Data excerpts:
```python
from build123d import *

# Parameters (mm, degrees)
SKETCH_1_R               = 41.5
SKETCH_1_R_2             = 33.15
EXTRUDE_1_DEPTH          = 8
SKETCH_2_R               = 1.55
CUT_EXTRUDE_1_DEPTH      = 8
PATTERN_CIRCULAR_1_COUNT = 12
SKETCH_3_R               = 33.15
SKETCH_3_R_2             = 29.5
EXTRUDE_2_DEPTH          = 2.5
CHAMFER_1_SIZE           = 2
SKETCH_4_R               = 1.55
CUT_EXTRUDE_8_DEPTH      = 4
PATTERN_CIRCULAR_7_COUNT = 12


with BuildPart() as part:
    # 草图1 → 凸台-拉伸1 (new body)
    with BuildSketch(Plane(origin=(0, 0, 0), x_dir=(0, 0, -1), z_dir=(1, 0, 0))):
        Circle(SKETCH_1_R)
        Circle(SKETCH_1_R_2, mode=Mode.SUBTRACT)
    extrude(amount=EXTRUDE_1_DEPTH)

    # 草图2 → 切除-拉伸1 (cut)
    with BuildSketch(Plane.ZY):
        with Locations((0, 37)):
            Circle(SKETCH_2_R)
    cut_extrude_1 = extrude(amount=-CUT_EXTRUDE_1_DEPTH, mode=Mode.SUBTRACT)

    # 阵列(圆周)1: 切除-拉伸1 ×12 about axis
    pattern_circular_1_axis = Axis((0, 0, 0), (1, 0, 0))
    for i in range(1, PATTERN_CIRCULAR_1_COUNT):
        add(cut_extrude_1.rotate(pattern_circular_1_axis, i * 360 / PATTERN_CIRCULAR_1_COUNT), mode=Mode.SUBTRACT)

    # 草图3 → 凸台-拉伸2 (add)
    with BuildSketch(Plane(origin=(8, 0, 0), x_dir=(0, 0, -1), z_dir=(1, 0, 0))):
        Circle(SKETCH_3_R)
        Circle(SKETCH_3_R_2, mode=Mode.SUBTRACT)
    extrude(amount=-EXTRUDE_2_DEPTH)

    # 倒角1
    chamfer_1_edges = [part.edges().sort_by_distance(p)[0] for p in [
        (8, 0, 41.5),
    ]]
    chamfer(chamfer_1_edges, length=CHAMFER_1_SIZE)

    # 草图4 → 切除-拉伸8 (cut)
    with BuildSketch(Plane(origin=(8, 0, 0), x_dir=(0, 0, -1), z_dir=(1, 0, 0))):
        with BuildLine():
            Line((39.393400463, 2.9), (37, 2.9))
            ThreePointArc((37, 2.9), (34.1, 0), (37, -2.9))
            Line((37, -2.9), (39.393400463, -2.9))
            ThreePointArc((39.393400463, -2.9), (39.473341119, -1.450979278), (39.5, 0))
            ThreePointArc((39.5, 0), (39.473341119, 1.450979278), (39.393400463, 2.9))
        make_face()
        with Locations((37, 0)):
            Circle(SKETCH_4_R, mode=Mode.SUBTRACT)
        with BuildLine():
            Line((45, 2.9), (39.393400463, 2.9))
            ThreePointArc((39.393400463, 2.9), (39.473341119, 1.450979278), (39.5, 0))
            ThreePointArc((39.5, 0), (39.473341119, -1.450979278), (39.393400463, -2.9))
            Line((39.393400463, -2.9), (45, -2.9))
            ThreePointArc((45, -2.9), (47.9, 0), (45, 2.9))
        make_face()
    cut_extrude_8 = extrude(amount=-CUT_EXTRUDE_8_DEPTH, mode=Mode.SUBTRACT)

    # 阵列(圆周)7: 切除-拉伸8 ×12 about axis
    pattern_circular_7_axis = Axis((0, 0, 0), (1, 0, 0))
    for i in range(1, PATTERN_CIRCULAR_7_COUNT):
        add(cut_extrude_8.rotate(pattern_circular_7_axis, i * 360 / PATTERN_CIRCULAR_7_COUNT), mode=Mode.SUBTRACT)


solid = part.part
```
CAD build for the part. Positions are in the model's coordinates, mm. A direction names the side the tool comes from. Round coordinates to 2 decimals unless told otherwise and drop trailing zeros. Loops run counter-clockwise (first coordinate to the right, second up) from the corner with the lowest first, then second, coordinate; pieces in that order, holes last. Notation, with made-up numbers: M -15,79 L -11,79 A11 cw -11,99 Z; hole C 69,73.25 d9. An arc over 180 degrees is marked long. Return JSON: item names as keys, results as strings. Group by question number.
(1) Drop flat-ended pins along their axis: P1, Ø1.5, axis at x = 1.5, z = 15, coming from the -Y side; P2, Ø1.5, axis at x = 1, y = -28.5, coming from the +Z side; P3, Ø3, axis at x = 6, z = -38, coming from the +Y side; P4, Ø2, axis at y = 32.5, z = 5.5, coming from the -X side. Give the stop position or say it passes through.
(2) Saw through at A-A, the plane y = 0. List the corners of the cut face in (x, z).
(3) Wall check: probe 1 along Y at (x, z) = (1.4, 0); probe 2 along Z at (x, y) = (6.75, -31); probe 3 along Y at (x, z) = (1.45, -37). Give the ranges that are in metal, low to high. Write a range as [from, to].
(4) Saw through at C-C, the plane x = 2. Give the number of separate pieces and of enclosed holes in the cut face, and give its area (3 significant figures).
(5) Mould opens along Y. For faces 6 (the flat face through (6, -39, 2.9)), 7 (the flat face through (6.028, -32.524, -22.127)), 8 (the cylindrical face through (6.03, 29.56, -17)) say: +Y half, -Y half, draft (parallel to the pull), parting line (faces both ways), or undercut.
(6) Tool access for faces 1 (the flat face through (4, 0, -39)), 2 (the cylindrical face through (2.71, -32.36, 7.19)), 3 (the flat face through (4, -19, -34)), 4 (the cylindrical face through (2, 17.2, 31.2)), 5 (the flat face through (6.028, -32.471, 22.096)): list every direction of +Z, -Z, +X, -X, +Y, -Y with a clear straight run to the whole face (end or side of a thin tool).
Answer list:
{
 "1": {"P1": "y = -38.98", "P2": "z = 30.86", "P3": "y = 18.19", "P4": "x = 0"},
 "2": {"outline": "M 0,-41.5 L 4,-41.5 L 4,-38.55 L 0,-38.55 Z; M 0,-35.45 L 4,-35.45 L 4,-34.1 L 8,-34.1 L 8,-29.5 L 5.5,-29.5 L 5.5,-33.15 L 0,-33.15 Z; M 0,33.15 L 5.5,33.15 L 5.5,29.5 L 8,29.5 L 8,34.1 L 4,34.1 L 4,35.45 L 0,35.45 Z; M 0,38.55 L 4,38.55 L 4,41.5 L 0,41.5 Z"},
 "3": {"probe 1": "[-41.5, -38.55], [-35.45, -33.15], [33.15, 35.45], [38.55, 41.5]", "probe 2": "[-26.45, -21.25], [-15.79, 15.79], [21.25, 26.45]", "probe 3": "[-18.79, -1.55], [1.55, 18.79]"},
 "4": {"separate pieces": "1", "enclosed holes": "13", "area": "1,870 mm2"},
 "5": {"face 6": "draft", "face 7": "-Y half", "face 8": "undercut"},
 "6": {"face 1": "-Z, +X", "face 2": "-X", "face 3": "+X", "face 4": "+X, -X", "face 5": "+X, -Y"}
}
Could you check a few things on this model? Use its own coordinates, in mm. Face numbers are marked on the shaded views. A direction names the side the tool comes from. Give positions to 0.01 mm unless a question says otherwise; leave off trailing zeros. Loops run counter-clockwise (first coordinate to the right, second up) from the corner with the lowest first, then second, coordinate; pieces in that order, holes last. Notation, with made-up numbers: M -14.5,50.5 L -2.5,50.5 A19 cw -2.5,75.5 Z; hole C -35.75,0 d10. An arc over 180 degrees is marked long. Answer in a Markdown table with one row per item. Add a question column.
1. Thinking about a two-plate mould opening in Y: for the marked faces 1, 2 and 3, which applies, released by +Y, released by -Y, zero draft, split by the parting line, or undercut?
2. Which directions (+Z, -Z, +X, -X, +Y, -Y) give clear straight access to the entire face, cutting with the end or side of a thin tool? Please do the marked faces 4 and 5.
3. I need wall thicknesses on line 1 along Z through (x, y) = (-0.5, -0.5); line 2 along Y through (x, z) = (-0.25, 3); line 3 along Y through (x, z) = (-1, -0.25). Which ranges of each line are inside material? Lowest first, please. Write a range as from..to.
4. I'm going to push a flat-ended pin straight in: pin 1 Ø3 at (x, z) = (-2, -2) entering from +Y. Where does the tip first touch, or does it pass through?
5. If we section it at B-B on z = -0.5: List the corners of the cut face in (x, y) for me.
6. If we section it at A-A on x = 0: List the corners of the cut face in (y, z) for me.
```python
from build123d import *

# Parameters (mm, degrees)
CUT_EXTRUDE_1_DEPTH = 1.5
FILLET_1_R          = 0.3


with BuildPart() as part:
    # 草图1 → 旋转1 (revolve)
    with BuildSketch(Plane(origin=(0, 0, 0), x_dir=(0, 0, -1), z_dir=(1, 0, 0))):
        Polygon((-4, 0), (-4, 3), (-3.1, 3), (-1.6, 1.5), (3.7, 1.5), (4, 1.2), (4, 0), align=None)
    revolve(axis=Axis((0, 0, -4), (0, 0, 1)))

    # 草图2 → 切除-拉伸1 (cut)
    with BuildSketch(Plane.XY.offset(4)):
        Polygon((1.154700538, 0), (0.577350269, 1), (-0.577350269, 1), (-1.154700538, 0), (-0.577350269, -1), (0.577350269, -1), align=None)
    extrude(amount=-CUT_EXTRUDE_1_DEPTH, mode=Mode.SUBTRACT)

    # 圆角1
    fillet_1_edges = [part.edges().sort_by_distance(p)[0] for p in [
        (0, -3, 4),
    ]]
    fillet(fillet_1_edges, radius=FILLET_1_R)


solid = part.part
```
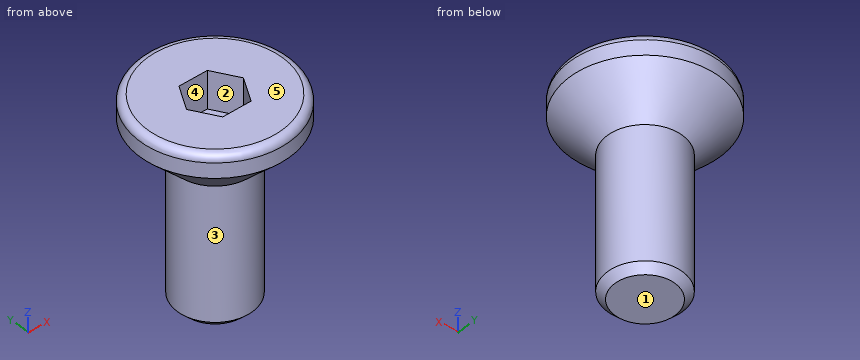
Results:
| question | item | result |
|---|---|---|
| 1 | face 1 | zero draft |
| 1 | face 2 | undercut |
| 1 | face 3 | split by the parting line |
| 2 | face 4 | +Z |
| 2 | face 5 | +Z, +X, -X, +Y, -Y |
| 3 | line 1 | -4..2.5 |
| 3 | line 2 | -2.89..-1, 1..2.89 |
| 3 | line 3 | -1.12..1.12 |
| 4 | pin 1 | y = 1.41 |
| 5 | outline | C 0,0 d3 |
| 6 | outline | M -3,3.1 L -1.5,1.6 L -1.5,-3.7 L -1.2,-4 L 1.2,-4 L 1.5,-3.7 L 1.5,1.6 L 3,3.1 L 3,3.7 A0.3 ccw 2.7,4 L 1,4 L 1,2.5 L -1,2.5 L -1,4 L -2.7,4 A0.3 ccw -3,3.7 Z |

* * *

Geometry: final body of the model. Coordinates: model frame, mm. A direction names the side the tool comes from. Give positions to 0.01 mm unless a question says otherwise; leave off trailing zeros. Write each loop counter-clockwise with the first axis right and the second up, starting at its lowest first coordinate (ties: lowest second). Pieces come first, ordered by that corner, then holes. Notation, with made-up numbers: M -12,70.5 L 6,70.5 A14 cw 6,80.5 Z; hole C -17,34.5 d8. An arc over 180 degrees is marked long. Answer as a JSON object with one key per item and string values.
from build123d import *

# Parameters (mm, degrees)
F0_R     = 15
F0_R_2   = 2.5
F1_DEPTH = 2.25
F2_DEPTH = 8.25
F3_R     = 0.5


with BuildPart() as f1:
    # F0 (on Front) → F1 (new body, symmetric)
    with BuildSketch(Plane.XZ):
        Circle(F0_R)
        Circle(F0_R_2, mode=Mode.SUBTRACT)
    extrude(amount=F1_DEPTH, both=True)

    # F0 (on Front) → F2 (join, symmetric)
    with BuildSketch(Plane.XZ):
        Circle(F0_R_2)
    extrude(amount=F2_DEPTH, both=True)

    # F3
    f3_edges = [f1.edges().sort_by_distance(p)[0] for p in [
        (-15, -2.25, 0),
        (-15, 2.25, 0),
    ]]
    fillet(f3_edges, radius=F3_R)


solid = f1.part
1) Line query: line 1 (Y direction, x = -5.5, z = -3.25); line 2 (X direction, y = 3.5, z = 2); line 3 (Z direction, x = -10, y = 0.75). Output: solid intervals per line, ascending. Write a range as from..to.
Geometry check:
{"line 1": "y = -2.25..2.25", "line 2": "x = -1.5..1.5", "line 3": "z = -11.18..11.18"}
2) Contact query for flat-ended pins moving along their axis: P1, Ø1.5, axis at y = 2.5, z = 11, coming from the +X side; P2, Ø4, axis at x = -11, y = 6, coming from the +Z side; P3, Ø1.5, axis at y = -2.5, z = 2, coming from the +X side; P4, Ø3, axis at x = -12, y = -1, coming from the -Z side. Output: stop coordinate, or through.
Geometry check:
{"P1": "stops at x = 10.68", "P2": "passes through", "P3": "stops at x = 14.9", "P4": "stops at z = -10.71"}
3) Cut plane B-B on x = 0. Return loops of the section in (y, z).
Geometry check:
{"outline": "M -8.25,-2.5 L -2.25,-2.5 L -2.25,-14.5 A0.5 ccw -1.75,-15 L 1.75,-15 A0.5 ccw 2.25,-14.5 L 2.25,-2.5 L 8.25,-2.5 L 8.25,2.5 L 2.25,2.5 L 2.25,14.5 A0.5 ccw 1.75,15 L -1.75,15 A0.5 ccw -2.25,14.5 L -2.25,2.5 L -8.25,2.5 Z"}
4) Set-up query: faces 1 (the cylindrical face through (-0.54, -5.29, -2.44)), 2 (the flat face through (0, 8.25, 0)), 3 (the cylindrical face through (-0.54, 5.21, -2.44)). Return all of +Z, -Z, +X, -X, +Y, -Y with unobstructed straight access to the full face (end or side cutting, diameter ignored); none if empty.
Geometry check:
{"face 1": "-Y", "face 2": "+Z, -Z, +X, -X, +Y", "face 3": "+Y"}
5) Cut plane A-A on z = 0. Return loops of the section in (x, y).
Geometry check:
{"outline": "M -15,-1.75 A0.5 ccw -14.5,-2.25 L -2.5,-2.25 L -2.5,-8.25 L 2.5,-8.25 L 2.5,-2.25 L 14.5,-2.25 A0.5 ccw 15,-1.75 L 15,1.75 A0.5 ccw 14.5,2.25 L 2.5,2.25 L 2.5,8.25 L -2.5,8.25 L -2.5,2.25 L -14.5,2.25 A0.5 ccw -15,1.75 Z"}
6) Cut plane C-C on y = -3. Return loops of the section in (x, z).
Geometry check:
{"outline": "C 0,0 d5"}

Your objective: Count each line above that has the word "comes" in it, and write down nothing but the total.

Exercise result: 3